Survey data were obtained from 82.8% of mothers with more than two years of experience in commercial mies production, of whom 59.4% had completed grade five or above. Regarding raw materials, 55.2%, 13.8%, and 30% of producers used red, yellow, and mixed crude aged honey, respectively, mainly purchased directly from beekeepers, while others sourced it from honey shops. Honey, water, and gesho (leaves and/or stems) were identified as the core ingredients. However, tseddo (Rhamnus tseddo) is widely used in Adigrat either as a substitute for gesho or in combination with it. About 65.5% of producers used both gesho and tseddo, 27.6% used only gesho, and 6.9% used only tseddo. Since tseddo is considered more potent than gesho, substantial variation exists in ingredient ratios.
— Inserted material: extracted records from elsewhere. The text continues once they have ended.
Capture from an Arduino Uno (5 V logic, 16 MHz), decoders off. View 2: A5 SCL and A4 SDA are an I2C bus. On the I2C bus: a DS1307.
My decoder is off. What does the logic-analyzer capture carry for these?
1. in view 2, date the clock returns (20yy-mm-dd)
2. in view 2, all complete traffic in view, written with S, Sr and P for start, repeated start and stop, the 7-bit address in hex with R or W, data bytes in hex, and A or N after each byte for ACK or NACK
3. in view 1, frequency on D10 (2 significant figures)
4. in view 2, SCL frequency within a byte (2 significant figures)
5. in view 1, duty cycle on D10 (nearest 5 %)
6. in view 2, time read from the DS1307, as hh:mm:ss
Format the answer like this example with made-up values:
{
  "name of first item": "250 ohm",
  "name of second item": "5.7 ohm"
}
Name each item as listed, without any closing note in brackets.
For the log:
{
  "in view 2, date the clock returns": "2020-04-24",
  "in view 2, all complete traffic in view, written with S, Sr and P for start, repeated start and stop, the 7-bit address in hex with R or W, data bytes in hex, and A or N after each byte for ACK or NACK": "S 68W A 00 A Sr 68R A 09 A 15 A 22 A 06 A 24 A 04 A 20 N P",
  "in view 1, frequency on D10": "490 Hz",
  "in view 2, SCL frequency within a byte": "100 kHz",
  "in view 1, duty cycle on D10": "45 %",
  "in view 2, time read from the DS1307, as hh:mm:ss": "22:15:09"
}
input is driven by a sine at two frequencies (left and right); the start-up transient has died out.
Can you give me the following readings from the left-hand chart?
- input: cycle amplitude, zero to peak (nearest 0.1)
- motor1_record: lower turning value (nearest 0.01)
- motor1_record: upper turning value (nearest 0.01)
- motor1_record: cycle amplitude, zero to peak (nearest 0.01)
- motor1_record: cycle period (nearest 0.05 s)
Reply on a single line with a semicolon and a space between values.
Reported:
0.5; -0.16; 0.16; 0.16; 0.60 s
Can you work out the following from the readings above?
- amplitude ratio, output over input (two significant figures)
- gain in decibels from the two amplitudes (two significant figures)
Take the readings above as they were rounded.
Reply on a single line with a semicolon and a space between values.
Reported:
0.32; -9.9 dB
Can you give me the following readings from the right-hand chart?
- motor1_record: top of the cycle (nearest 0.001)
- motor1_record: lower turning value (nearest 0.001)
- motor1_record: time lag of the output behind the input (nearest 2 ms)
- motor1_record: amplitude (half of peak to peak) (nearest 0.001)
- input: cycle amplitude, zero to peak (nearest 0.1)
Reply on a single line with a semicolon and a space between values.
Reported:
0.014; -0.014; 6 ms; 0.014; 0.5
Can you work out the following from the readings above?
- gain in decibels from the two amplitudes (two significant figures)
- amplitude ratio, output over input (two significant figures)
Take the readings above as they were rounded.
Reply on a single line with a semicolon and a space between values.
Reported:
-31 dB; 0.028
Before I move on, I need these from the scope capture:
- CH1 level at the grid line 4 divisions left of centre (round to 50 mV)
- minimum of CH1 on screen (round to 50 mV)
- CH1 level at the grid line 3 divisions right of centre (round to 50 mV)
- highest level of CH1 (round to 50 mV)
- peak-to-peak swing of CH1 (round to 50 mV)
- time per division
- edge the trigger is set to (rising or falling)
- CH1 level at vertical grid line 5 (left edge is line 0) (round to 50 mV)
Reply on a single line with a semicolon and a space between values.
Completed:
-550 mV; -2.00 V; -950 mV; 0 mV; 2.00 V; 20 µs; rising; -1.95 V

The mean proportion was 4.25 ± 1.8 L of water and 0.06 ± 0.029 kg of gesho per kilogram of honey (mean ± SD). The parts of gesho used also varied; 79.3% used leaves, 3.4% stems, and 10.3% both, either whole or pounded, added immediately or after a few days. Additional ingredients such as legumes, turmeric (Curcuma longa), and rhubarb root (Rheum rhabarbarum) were incorporated in coarse or powdered form to improve color, flavor, and fermentation, particularly with white honey. Legumes serve as nitrogen sources essential for microbial growth

[56]

. Some respondents acknowledged secret additives intended to enhance quality, though often perceived by others as adulteration. Fermentation commonly lasted one to three months (58.6%), depending on honey type and temperature, causing marketing delays. Although some producers consider commercial yeast use immoral, 48.3% applied commercial yeast or embula (back-slop starter) especially for sweet mies during holidays. S. cerevisiae has limited alcohol tolerance

[47]

, and is mainly used to initiate rapid fermentation, allowing natural microbial to complete the process. Thus, producers prefer crude aged honey to support microbial adaptation

[58]

. Quality variation was attributed not only to ingredient types and ratios but also to preparation methods, equipment sanitation using (grawa leaves (Vernonia amygdalina Del.), weira (Olea europaea subsp. Cuspidate, ash, detergents, and gesho), fermentation practices, aging duration, and individual skill

[14, 26]

. In this study, commonly used ingredients and traditional methods were applied at laboratory scale while considering observed variations.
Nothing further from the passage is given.